╔══
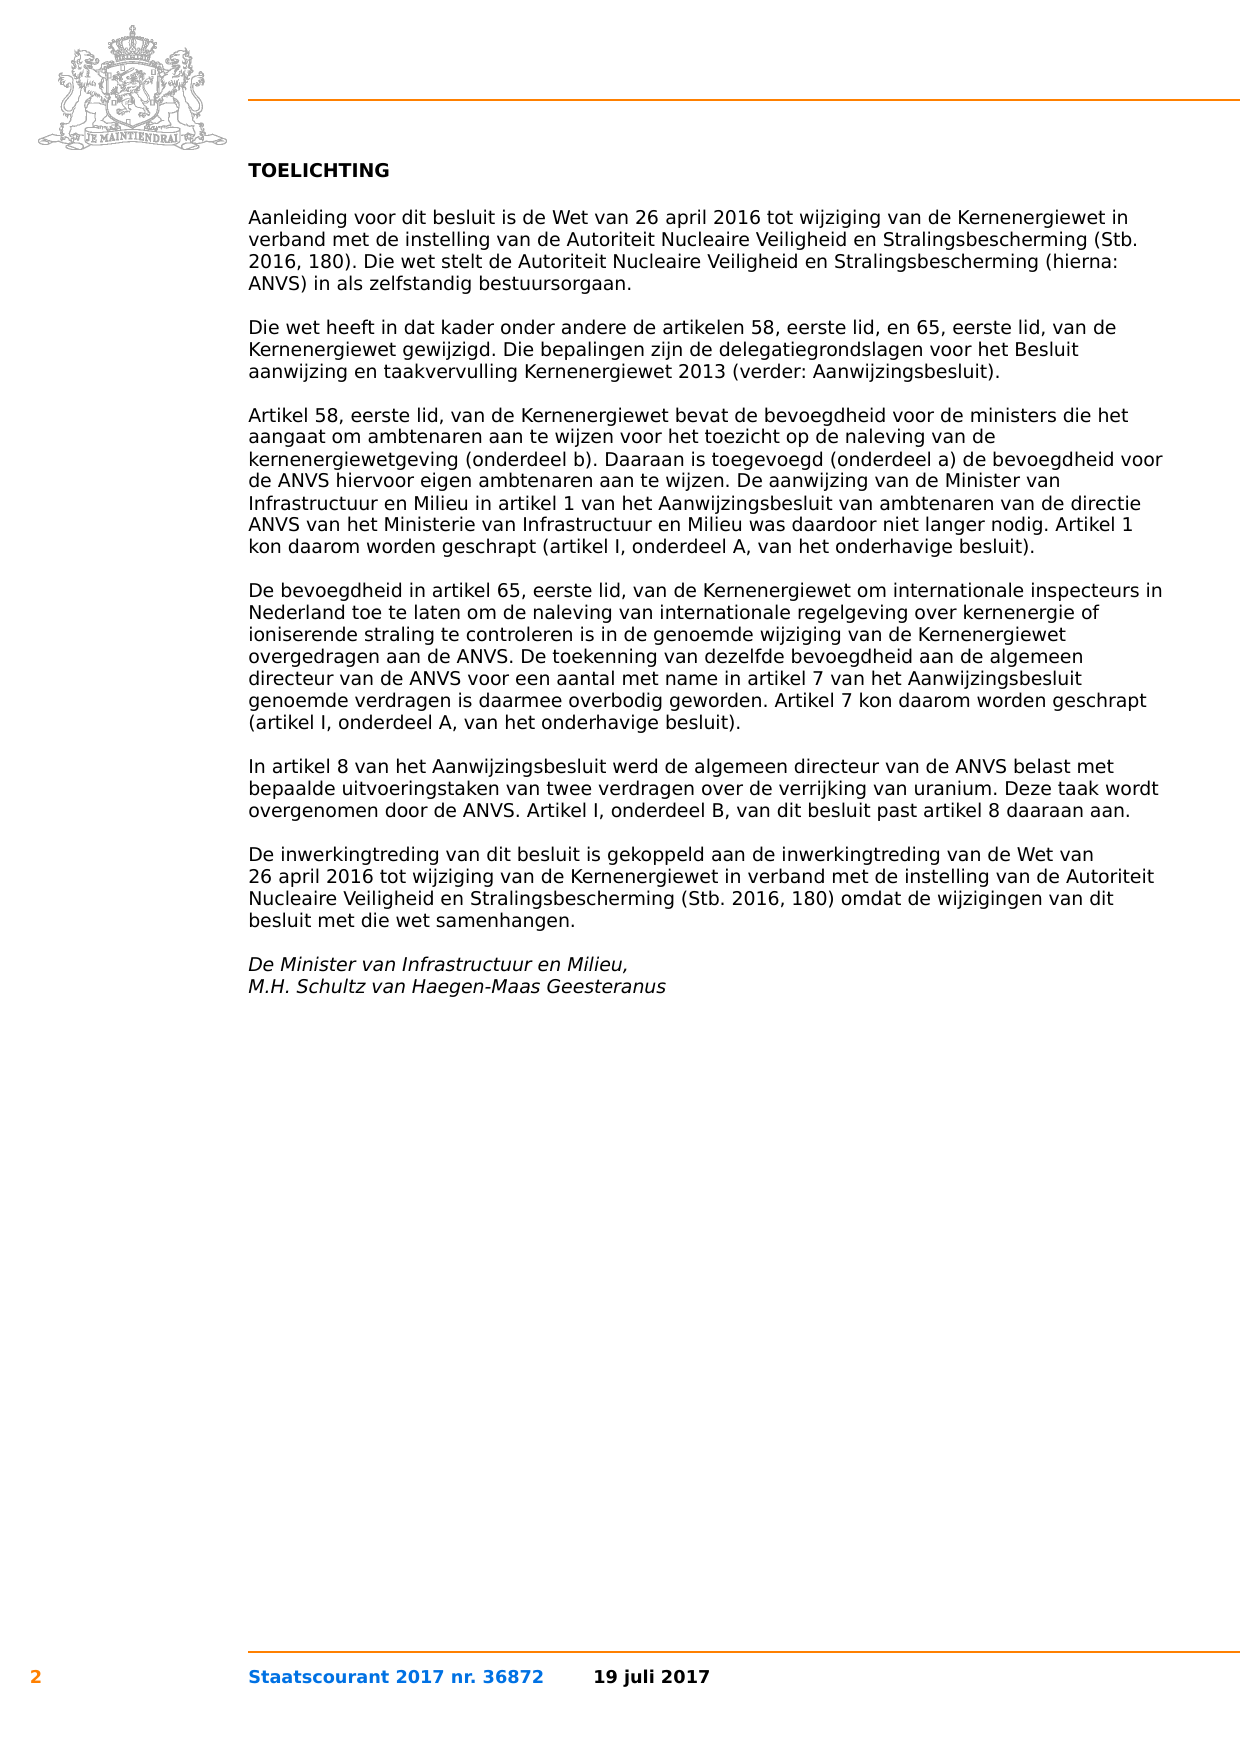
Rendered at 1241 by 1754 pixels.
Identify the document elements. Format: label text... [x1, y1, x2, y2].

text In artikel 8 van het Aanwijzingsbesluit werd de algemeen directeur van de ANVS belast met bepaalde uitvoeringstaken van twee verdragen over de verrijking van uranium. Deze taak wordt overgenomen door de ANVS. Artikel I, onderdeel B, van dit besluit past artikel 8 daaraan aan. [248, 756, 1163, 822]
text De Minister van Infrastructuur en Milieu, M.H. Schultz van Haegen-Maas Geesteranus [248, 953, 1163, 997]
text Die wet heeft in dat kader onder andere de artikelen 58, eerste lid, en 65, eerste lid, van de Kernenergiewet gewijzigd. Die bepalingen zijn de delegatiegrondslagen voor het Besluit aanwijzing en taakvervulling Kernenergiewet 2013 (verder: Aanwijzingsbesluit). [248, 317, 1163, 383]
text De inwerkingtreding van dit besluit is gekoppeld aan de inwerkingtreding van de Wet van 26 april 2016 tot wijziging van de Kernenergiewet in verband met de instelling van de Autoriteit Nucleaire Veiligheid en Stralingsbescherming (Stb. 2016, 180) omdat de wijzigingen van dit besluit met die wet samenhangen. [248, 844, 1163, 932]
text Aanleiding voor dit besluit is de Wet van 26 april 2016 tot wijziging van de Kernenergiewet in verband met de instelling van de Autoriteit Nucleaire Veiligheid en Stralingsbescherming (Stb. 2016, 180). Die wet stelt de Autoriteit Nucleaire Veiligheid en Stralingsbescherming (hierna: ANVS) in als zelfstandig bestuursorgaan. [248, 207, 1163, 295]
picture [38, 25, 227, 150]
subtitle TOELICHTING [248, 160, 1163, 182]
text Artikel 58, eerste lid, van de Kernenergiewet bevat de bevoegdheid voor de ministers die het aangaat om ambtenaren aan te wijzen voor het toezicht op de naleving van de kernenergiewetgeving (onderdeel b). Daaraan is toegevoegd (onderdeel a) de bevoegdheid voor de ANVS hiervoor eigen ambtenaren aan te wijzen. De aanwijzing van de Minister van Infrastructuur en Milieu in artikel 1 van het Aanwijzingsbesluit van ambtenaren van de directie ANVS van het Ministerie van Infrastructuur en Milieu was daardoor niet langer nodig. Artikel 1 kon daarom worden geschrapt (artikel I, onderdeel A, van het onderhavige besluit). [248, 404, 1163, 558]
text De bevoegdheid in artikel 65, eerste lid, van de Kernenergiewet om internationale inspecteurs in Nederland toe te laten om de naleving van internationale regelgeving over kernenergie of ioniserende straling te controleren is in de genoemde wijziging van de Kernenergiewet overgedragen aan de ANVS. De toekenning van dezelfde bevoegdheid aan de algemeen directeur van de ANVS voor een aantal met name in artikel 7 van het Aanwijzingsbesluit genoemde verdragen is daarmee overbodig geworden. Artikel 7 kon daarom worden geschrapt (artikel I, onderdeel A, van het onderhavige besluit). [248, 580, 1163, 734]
╚══
╔══
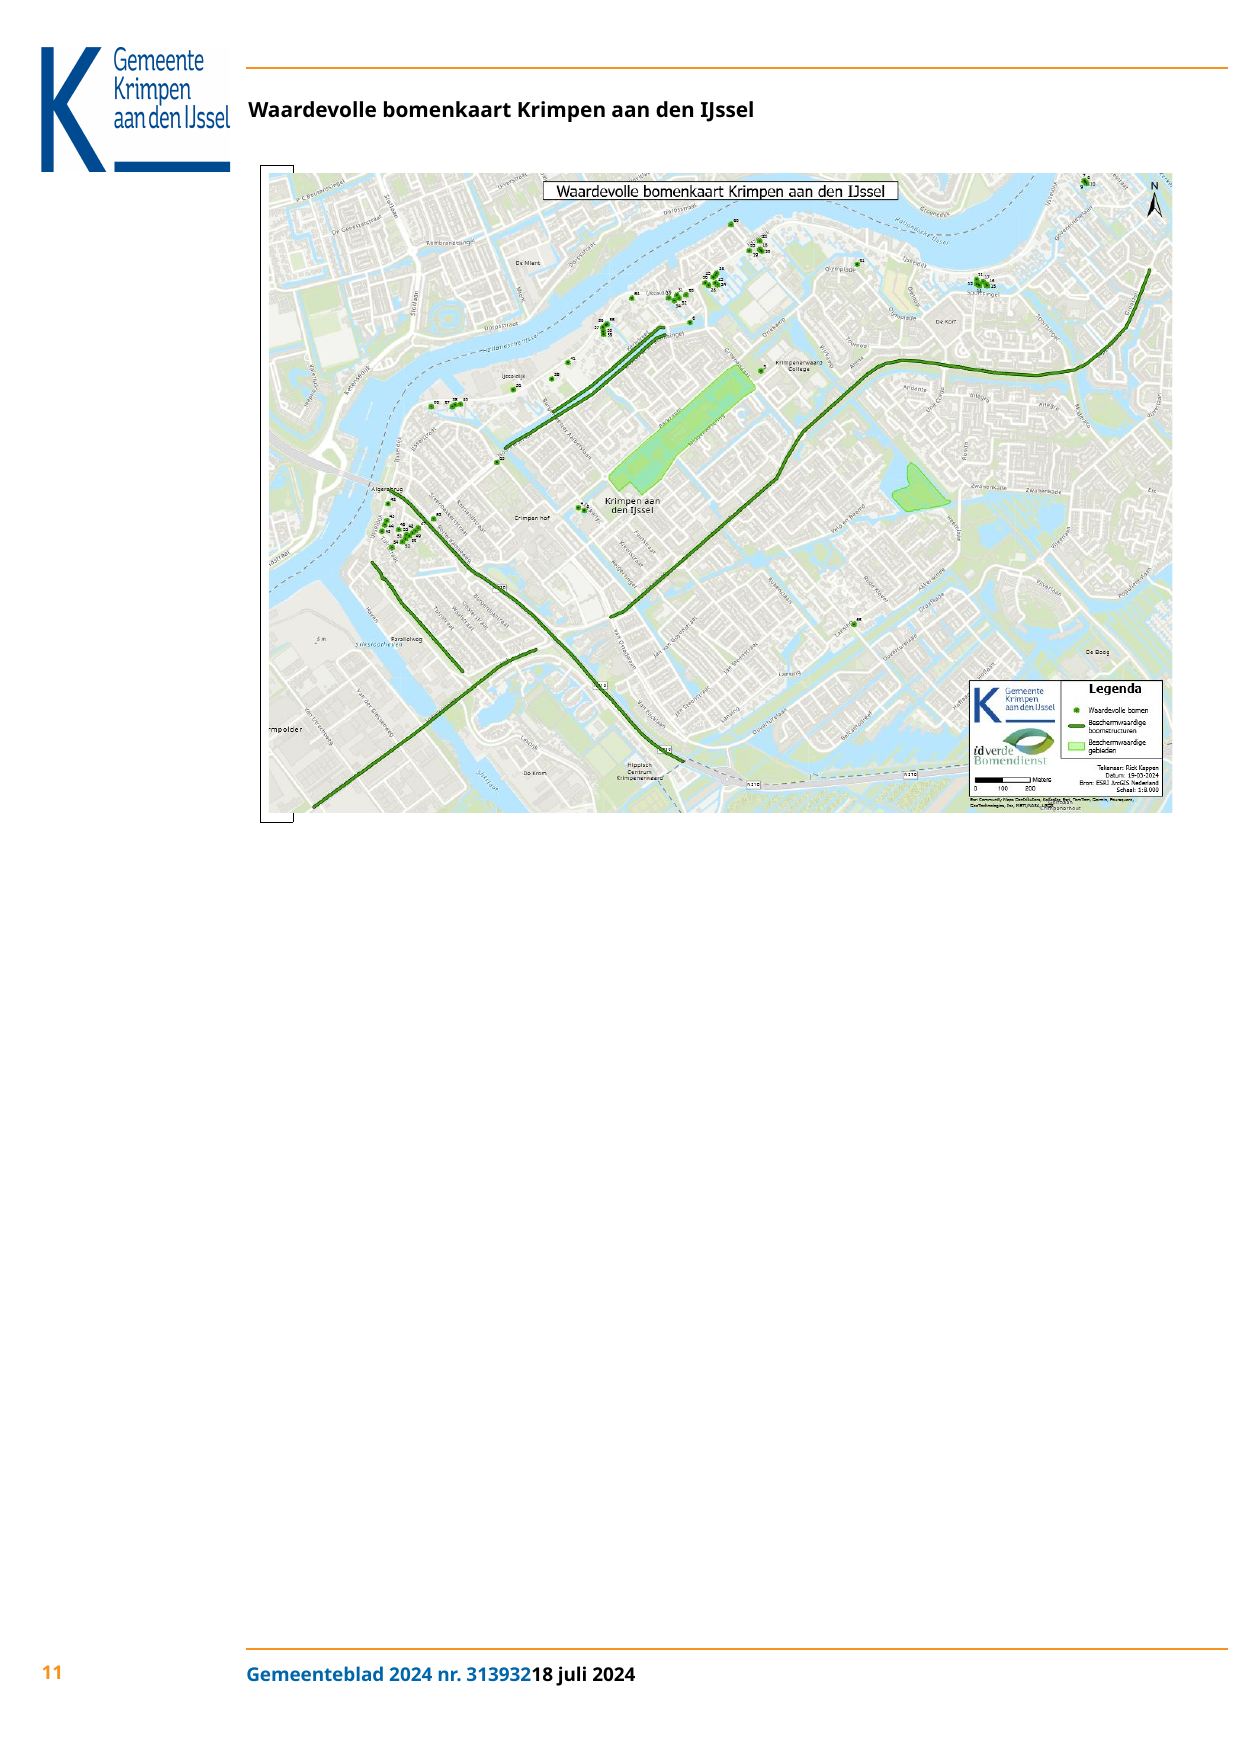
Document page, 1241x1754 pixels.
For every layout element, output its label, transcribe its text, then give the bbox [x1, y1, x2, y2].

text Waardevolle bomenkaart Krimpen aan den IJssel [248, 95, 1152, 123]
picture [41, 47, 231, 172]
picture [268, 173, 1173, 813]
╚══
• EXERCISE DIRECTIONS: Could you copy every line in the records that holds "pixels"?

• EXPECTED ANSWER:
Rendered at 1241 by 1754 pixels.
Document page, 1241x1754 pixels.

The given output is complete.